AIM OF THE TASK: The expected output is an exact copy of each line from the line with "Answer yes or no. No. Is Blue Violet the roughest?" through the end of the data below, with no pictures in it.

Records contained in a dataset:
++++
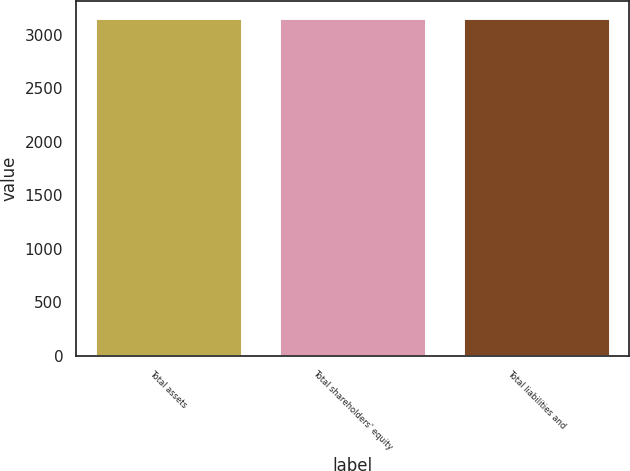<chart> <loc_0><loc_0><loc_500><loc_500><bar_chart><fcel>Total assets<fcel>Total shareholders' equity<fcel>Total liabilities and<nl><fcel>3154<fcel>3154.1<fcel>3154.2<nl></chart> 
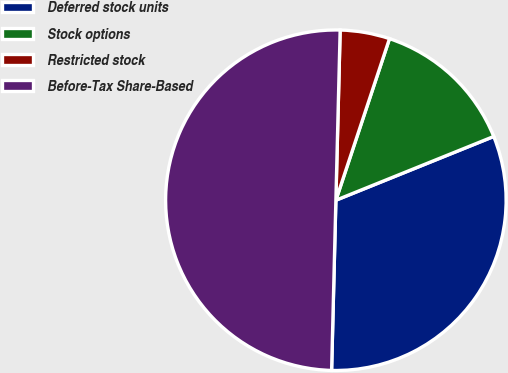<chart> <loc_0><loc_0><loc_500><loc_500><pie_chart><fcel>Deferred stock units<fcel>Stock options<fcel>Restricted stock<fcel>Before-Tax Share-Based<nl><fcel>31.51%<fcel>13.79%<fcel>4.7%<fcel>50.0%<nl></chart> 
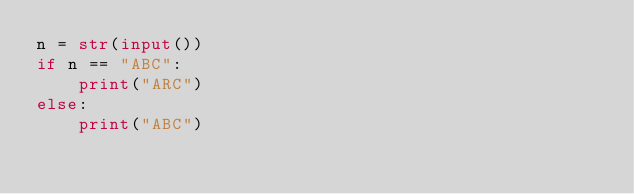<code> <loc_0><loc_0><loc_500><loc_500><_Python_>n = str(input())
if n == "ABC":
    print("ARC")
else:
    print("ABC")
</code> 
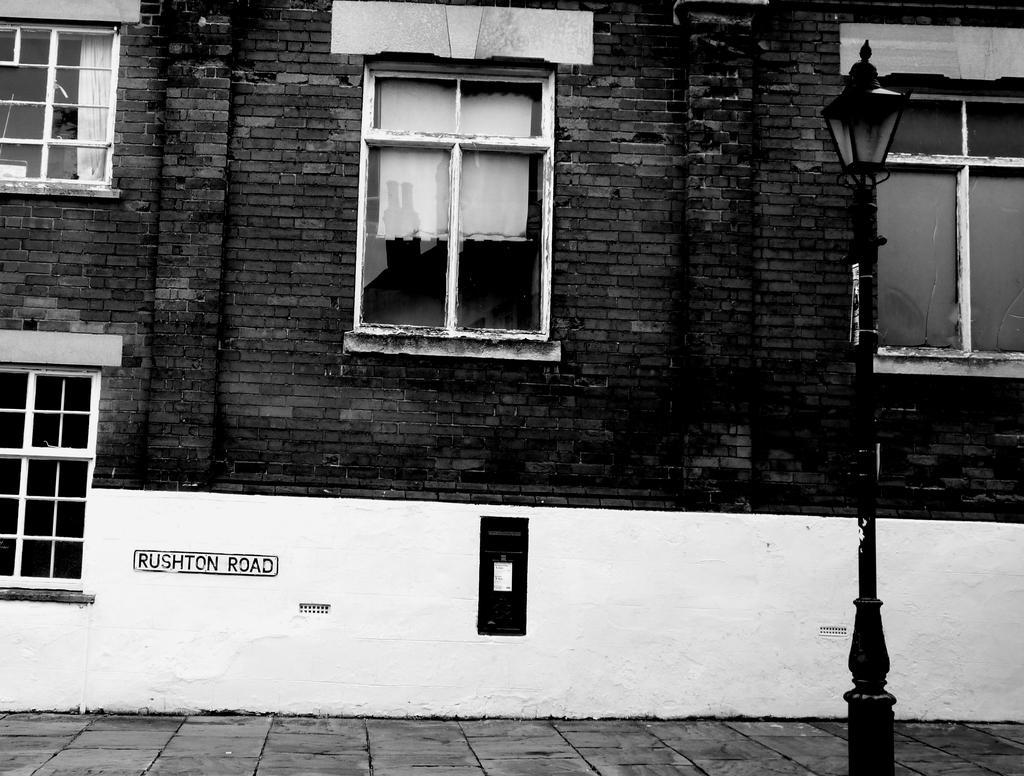Can you describe this image briefly? In this picture I can see the building. In the center there are windows. On the right there is a street light near to the white wall. On the white wall I can see some black object and name of the road. 
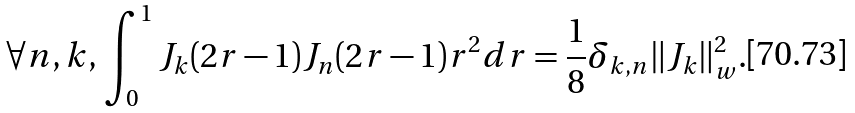Convert formula to latex. <formula><loc_0><loc_0><loc_500><loc_500>\forall n , k , \, \int _ { 0 } ^ { 1 } J _ { k } ( 2 r - 1 ) J _ { n } ( 2 r - 1 ) r ^ { 2 } d r = \frac { 1 } { 8 } \delta _ { k , n } \| J _ { k } \| _ { w } ^ { 2 } .</formula> 
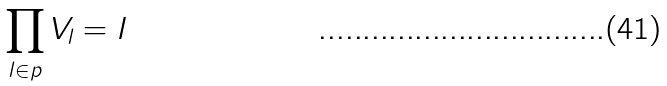Convert formula to latex. <formula><loc_0><loc_0><loc_500><loc_500>\prod _ { l \in p } V _ { l } = I</formula> 
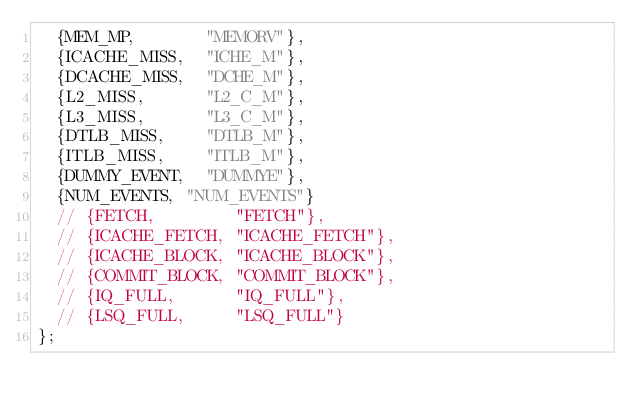<code> <loc_0><loc_0><loc_500><loc_500><_C++_>  {MEM_MP,       "MEMORV"},
  {ICACHE_MISS,  "ICHE_M"},
  {DCACHE_MISS,  "DCHE_M"},
  {L2_MISS,      "L2_C_M"},
  {L3_MISS,      "L3_C_M"},
  {DTLB_MISS,    "DTLB_M"},
  {ITLB_MISS,    "ITLB_M"},
  {DUMMY_EVENT,  "DUMMYE"},
  {NUM_EVENTS, "NUM_EVENTS"}
  // {FETCH,        "FETCH"},
  // {ICACHE_FETCH, "ICACHE_FETCH"},
  // {ICACHE_BLOCK, "ICACHE_BLOCK"},
  // {COMMIT_BLOCK, "COMMIT_BLOCK"},
  // {IQ_FULL,      "IQ_FULL"},
  // {LSQ_FULL,     "LSQ_FULL"}
};
</code> 
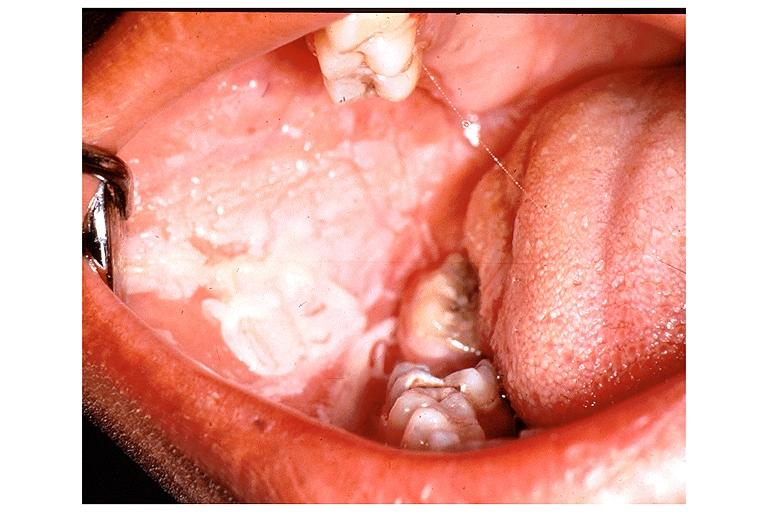s oral present?
Answer the question using a single word or phrase. Yes 
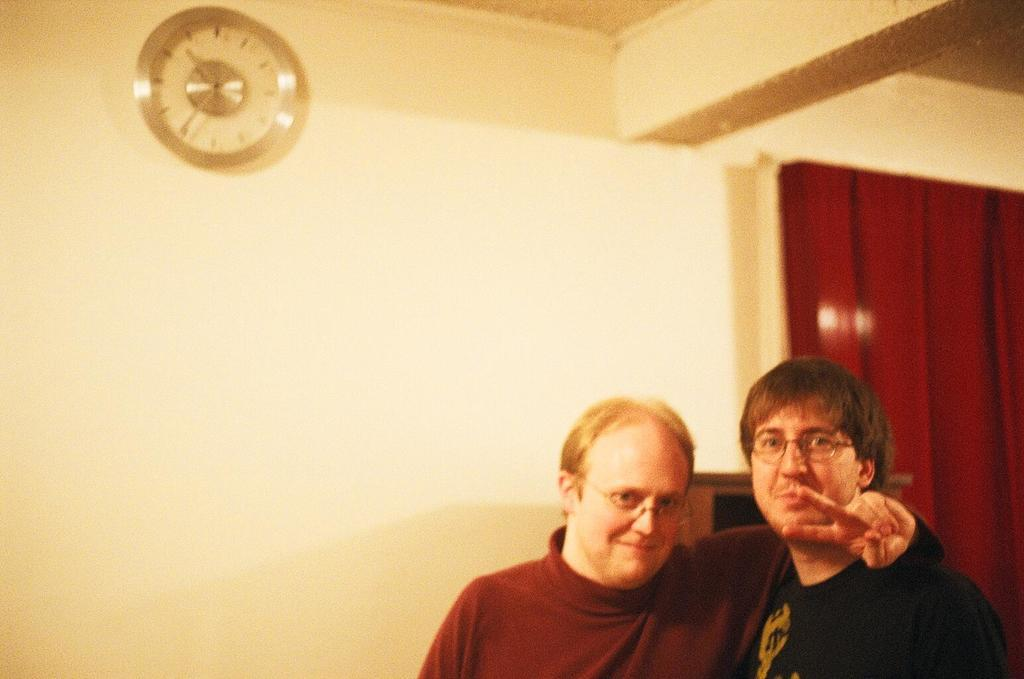Who or what can be seen on the right side of the image? There are two people on the right side of the image. What is visible in the background of the image? There is a wall in the background of the image. Can you identify any specific object in the image? Yes, there is a watch in the image. What type of window treatment is present in the image? There is a curtain on the right side of the image. How many flowers are on the bed in the image? There is no bed or flowers present in the image. What type of box is visible on the left side of the image? There is no box visible in the image. 
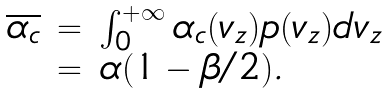<formula> <loc_0><loc_0><loc_500><loc_500>\begin{array} { l l l } \overline { \alpha _ { c } } & = & \int _ { 0 } ^ { + \infty } \alpha _ { c } ( v _ { z } ) p ( v _ { z } ) d v _ { z } \\ & = & \alpha ( 1 - \beta / 2 ) . \end{array}</formula> 
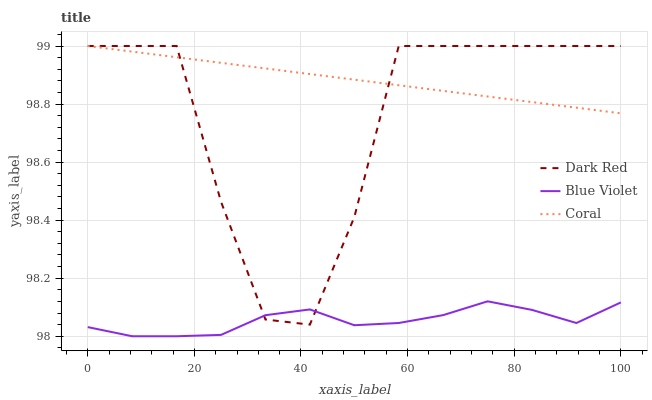Does Coral have the minimum area under the curve?
Answer yes or no. No. Does Blue Violet have the maximum area under the curve?
Answer yes or no. No. Is Blue Violet the smoothest?
Answer yes or no. No. Is Blue Violet the roughest?
Answer yes or no. No. Does Coral have the lowest value?
Answer yes or no. No. Does Blue Violet have the highest value?
Answer yes or no. No. Is Blue Violet less than Coral?
Answer yes or no. Yes. Is Coral greater than Blue Violet?
Answer yes or no. Yes. Does Blue Violet intersect Coral?
Answer yes or no. No. 
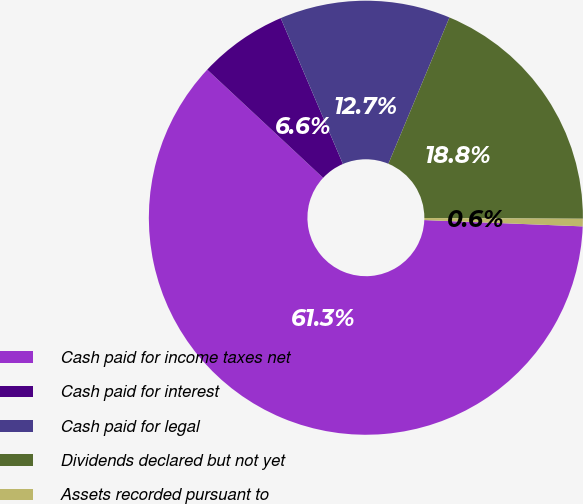Convert chart. <chart><loc_0><loc_0><loc_500><loc_500><pie_chart><fcel>Cash paid for income taxes net<fcel>Cash paid for interest<fcel>Cash paid for legal<fcel>Dividends declared but not yet<fcel>Assets recorded pursuant to<nl><fcel>61.31%<fcel>6.63%<fcel>12.71%<fcel>18.78%<fcel>0.56%<nl></chart> 
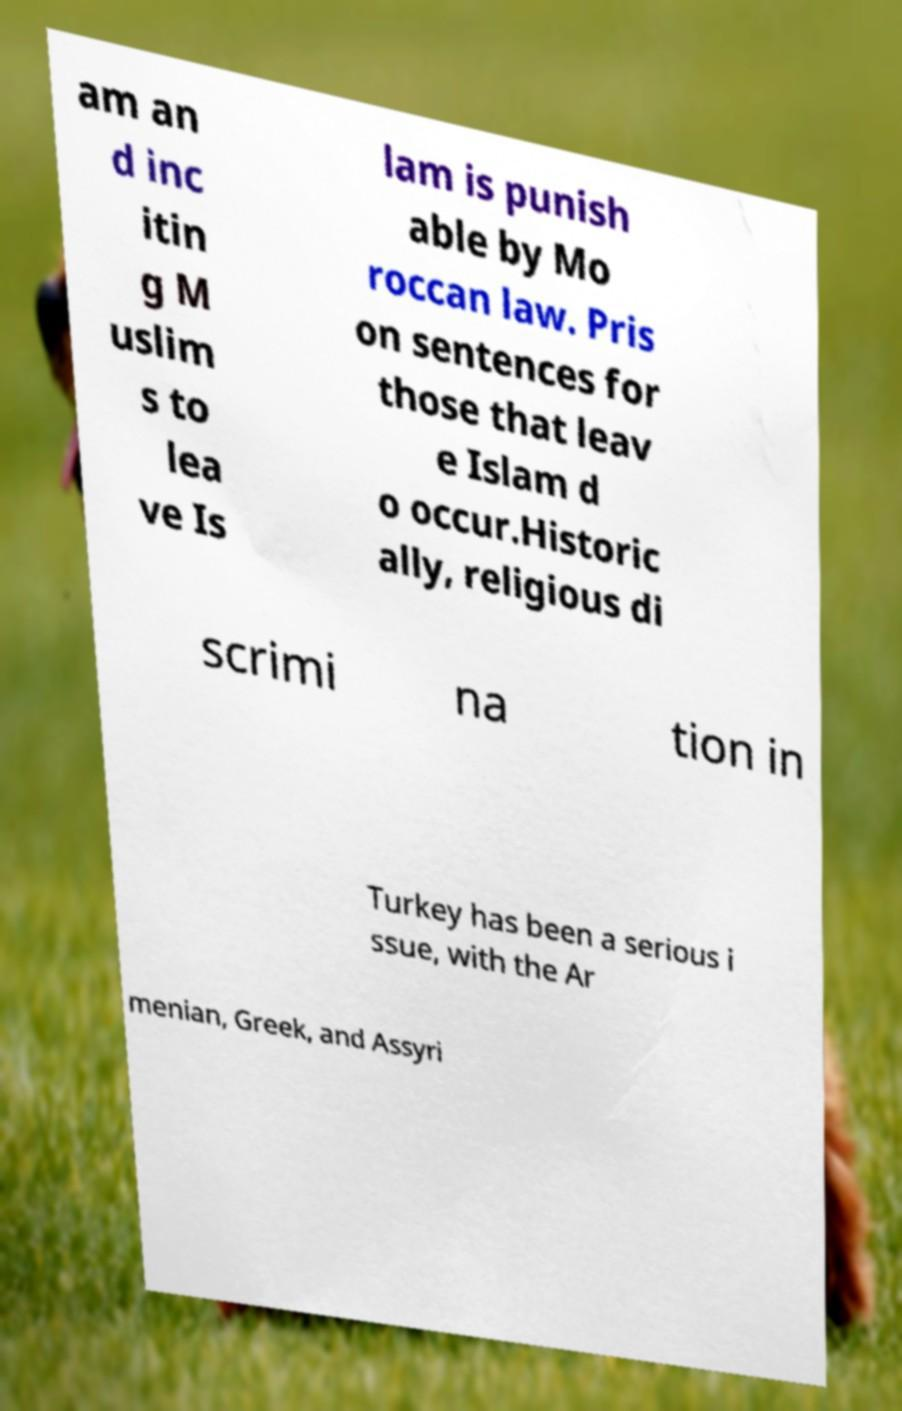Could you assist in decoding the text presented in this image and type it out clearly? am an d inc itin g M uslim s to lea ve Is lam is punish able by Mo roccan law. Pris on sentences for those that leav e Islam d o occur.Historic ally, religious di scrimi na tion in Turkey has been a serious i ssue, with the Ar menian, Greek, and Assyri 
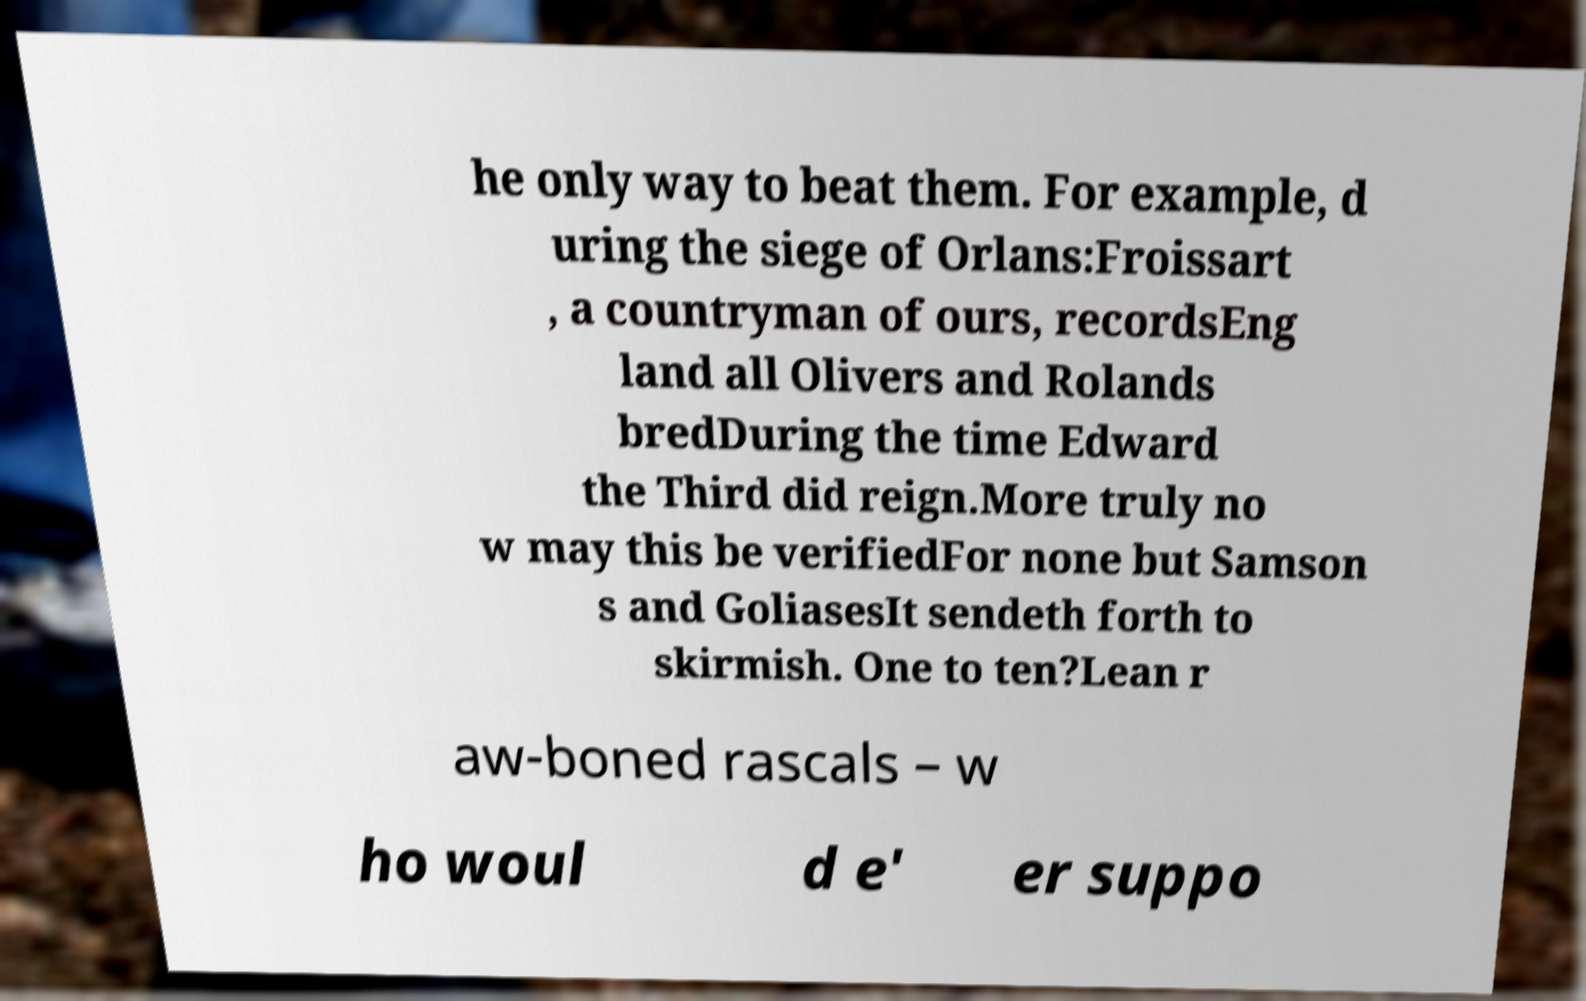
++++
WRITTEN ANSWER:
Answer yes or no. No. Is Blue Violet the roughest?
Answer yes or no. No. Does Coral have the lowest value?
Answer yes or no. No. Does Blue Violet have the highest value?
Answer yes or no. No. Is Blue Violet less than Coral?
Answer yes or no. Yes. Is Coral greater than Blue Violet?
Answer yes or no. Yes. Does Blue Violet intersect Coral?
Answer yes or no. No. 
Convert chart. <chart><loc_0><loc_0><loc_500><loc_500><pie_chart><fcel>Cash paid for income taxes net<fcel>Cash paid for interest<fcel>Cash paid for legal<fcel>Dividends declared but not yet<fcel>Assets recorded pursuant to<nl><fcel>61.31%<fcel>6.63%<fcel>12.71%<fcel>18.78%<fcel>0.56%<nl></chart> 
Could you assist in decoding the text presented in this image and type it out clearly? am an d inc itin g M uslim s to lea ve Is lam is punish able by Mo roccan law. Pris on sentences for those that leav e Islam d o occur.Historic ally, religious di scrimi na tion in Turkey has been a serious i ssue, with the Ar menian, Greek, and Assyri 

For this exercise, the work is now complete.